Although a number of techniques have been proposed to improve the quality of degraded speech, researchers have 
only recently begun to evaluate speech-enhancement in terms of the improvement in recognition accuracy that they 
provide for speech-recognition systems operating in natural environments. We are incorporating into our system a 
combination of techniques that come into play at different levels of the system, including pre-processing of the 
acoustical waveform, the development of physiologically and psychophysically motivated peripheral processing 
models (i.e. "ear models"), adaptive multimicrophone array processing, and dynamic adaptation to new speakers and 
environments by modifying the parameters used to represent the speech sounds. In this talk we will focus only on 
our work in the first category, acoustical preprocessing. 
1This research was sponsored by the Defense Advanced Research Projects Agency (DOD), ARPA Order No. 
5167, under contract number N00039-85-C-0163. The views and conclusions contained in this document are those 
of the authors and should not be interpreted as representing the official policies, either expressed or implied, of the 
Defense Advanced Research Projects Agency or the US Government. 
311 
There are many sources of acoustical distortion that can degrade the accuracy of speech-recognition systems. For 
example, obstacles to robustness include additive noise from machinery, competing talkers, etc., reverberation from 
surface reflections in a room, and spectral shaping by microphones and the vocal tracts of individual speakers. 
These sources of distortion cluster into two complementary classes: additive noise (as in the first two examples) and 
distortions resulting the convolution of the speech signal with an unknown linear system (as in the remaining three). 
In the classical speech-enhancement literature, two complementary techniques have been proposed to cope with 
these problems: spectral subtraction and spectral normalization. In spectral subtraction one estimates the amount of 
background noise present during non-speech intervals, and subtracts the estimated spectral density of the noise from 
the incoming signal (e.g. Boll, 1979; Berouti et al., 1979).
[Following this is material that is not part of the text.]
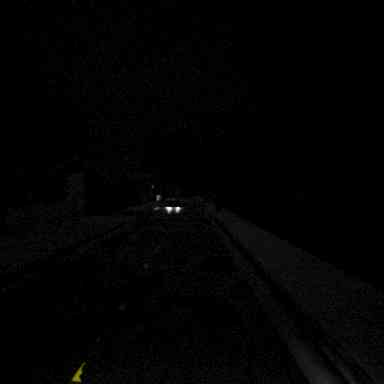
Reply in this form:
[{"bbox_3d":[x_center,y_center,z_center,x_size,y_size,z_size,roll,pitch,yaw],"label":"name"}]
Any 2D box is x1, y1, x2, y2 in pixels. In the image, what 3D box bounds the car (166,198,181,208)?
[{"bbox_3d":[-2.732,1.600,49.562,1.994,1.385,4.181,0,0,0],"label":"car"}]
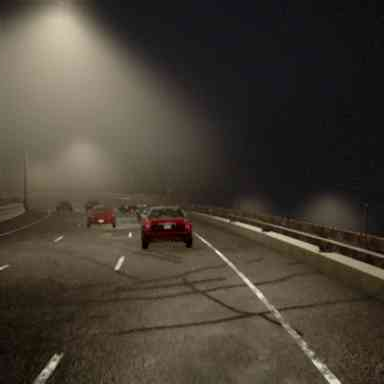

In spectral normalization (sometimes referred to as 
"blind deconvolution"), one estimates the average spectrum when speech is present and applies a multiplicative 
normalization factor with respect to a reference spectrum (e.g. Stockham et al., 1975). While these procedures were 
once thought to be of limited practical benefit, based on the results of experiments concerning the human perception 
of speech, results of recent applications of them to automatic speech-recognitions systems have been more 
encouraging (e.g. Porter and Boll, 1984; Van Compernolle, 1987). 
In this report we will review the database used to evaluate efficient implementations of spectral subtraction and 
normalization in the cepstral domain, discuss the results of analyses of baseline studies of recognition performance, 
describe the effectiveness of the spectral subtraction and normalization algorithms, and discuss the motivations for 
some of our work in progress. 
THE ALPHANUMERIC DATABASE 
Although the bulk of research using the Sphinx system at Carnegie Mellon has made use of the well-known 
Resource Management database, we were forced to use a different database, the Alphanumeric database, for our 
evaluations of signal processing. The primary reason for this is that the Resource Management database with its 
large vocabulary size and many utterances required several weeks to train satisfactorily, which was excessively long 
since the entire system had to be retrained each time a new signal-processing algorithm was introduced. We also 
performed these evaluations using a more compact and easily-trained version of Sphinx with only about 650 
phonetic models, omitting such features as function-word models, between-word triphone models, and corrective 
training. We were willing to tolerate the somewhat lower absolute recognition accuracy that this version of Sphinx 
provided because of the reduced time required by the training process. Using the Alphanumeric database, the more 
compact Sphinx system, and faster computers, we were able to reduce the training time to the point that an entire 
train-and-test cycle could be performed in about 9 hours. 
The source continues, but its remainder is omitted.